抄録
問題と目的
ビジュアル・ファシリテーション(以下:VF)やググラフィック・ファシリテーション、ビジュアル・ミーティングが会議や教育などでの議論の進行を促進するために活用されている。カウンセリング場面では、描画活動などを媒介としたビジュアル・ナラティブが提唱され、開発されてきている(やまだ、2018)。VFのカウンセリング場面への導入が有効と考えられる。
井上(1998)はカウンセリングにおけるPAC分析の効果として、3つの機能分野、(1)精神間機能分野:“いま、ここで”の信頼関係形成と対話の機能、(2)精神内機能分野:問題への認識と自己理解を深める機能、(3)間接的精神間機能分野:第3者との共有の機能、の3分野に基づき11の機能において検討した(表1の項目参照)。
本研究の目的はVFをカウンセリング場面に導入したコンフリクト解決の事例について本人の了解のもとに、その効果について、PAC分析の効果(井上,1998)である11の機能に準じて検討することである。
事例の概要
・クライエント(以下、CL):A(女性、35歳)
・主訴:アンガー(怒り)コントロールを学びたい。
・シングル・セッションの内容:今まで攻撃的とは言われてこなかったのに最近若いスタッフに「患者をもっとしっかり見なさい」と強い調子で叱責したりし、上司からパワハラの懸念を注意されたり自分でも困っている。

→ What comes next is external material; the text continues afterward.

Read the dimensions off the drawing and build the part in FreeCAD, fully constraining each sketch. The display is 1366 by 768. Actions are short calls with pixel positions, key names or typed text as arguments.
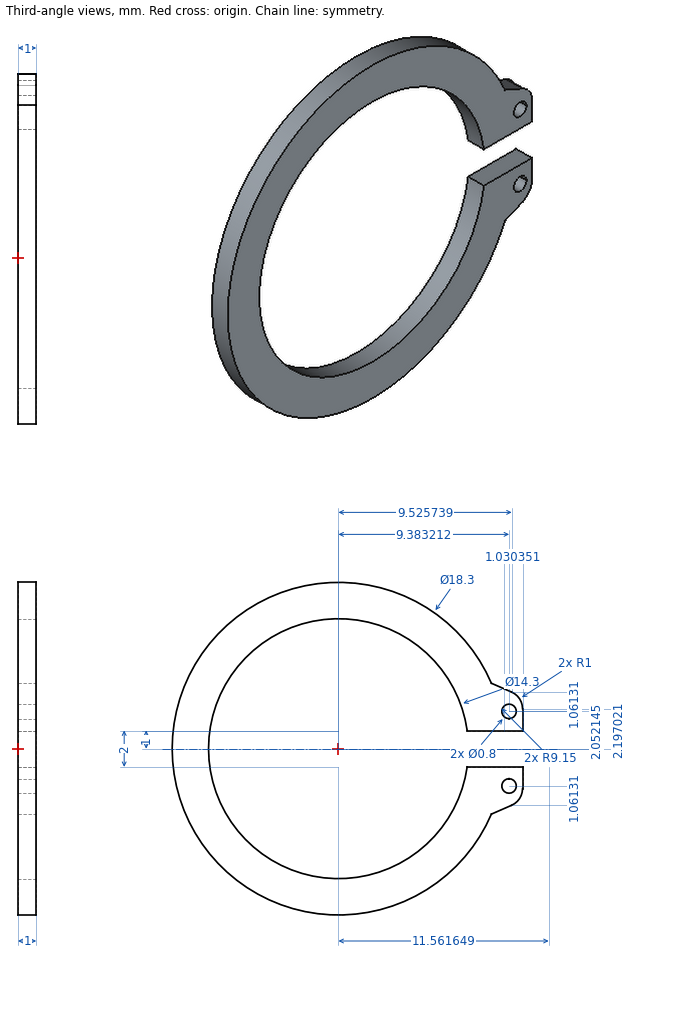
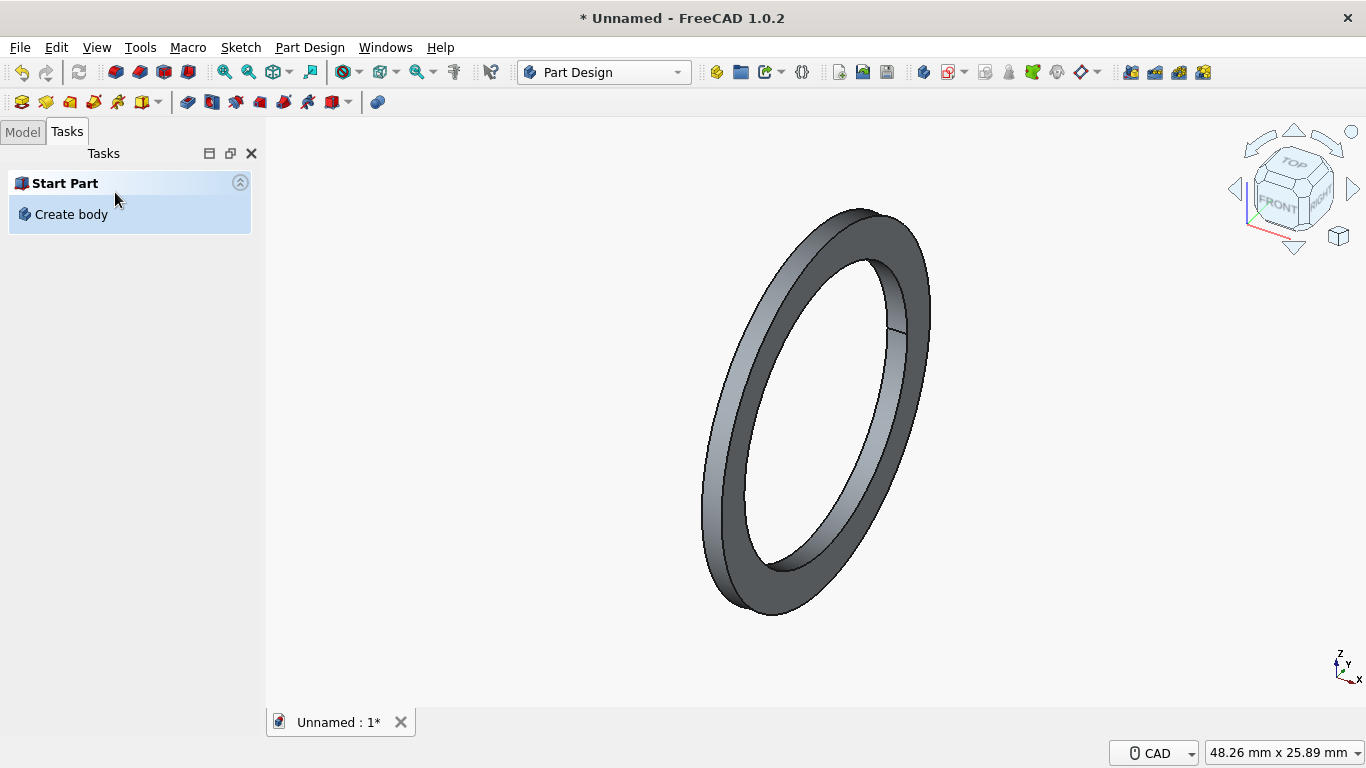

アセスメントからは、「怒り」の内容がCLの臨床活動を重視していくか、研究活動を重視していくかのコンフリクトと関連することが示された。そこで、「臨床」を縦軸、「研究」を横軸として、関係があると思われる「人名」を記したシールを貼ってもらい(図1)、各々の関係性の語りを聴いていった。
結果
CLは「コンフリクト解決」の撤退地点に配偶者と両親を貼り「臨床」軸にそって恩師や職場スタッフのシールを布置した。一方、「研究」軸にはシールが貼られなかった。一方、真ん中の「臨床」も「研究」も大事にする斜め軸に尊敬する同僚名のシールが貼られていることは、CL自身およびカウンセラーにとっても大きな気づきを与えた。CLは自己の「怒り」が、自分自身の今後の「臨床」か「研究」かの方向性へのコンフリクトが臨床を大事にしてないと感じる若いスタッフに投射されたものだと納得した。また家族が撤退地点に位置するのは、年齢的に出産への配慮があるのではないかと今後のその点も含めたキャリアのあり方を家族と相談したいと述べ、面談を一応の終了とした。プロセスをふりかえりVFの可能性について検討した。その概要を表1に示す。
図1 コンフリクトの図(X軸は研究、Y軸は臨床)
表1 カウンセリングへの効果
機能分野と機能 VFの可能性
(1)直接的精神間機能分野
[1a.導入促進機能] ◎
[1b. 自己開示促進機能] ◎
[1c. 信頼形成機能] ◎
[1d. 対話発展機能] ◎
(2)精神内機能分野
[2a.共有知識的理解機能] ◎
[2b. 明確化機能] ◎
[2c. 自己理解促進機能] ◎
[2d. カウンセラー気づき機能] ◎
(3)間接的精神館機能分野
[3a.記述記録機能] ○
[3b. 実務説明機能] ○
[3c. 調査査定機能] ○
※ ◎は確実に作用する、○は可能性を表す
考察
表1によりVFのカウンセリングへの導入は、PAC分析と同様多面的な効果があることが明らかになった。
藤原(2011)は教室や研究会場面におけるファシリテーション・グラフィックの10の機能を以下のように述べている。まず、(1)議論を活性化する(触発機能)として、①思考促進機能、②分類整理機能③構造把握機能、(2)議論への参画を促す(対話機能)として④対立緩衝機能、⑥論点明示機能、⑥視点転換機能、⑦比較検討機能、(3)議論を残しておいて活用する(記録機能)、⑧保持記録機能、⑨再現分析機能、⑩系時俯瞰機能を挙げている。比較すると本報告ではカウンセリング場面での気付き機能の独自な有用性を示した。
文献
藤原友和 2011 教師が変わる!授業が変わる!「ファシリテーション・グラフィック」入門 明治図書
井上孝代(1998) カウンセリングにおけるPAC(個人別態度構造)分析の効果 心理学研究, 69, 295-303.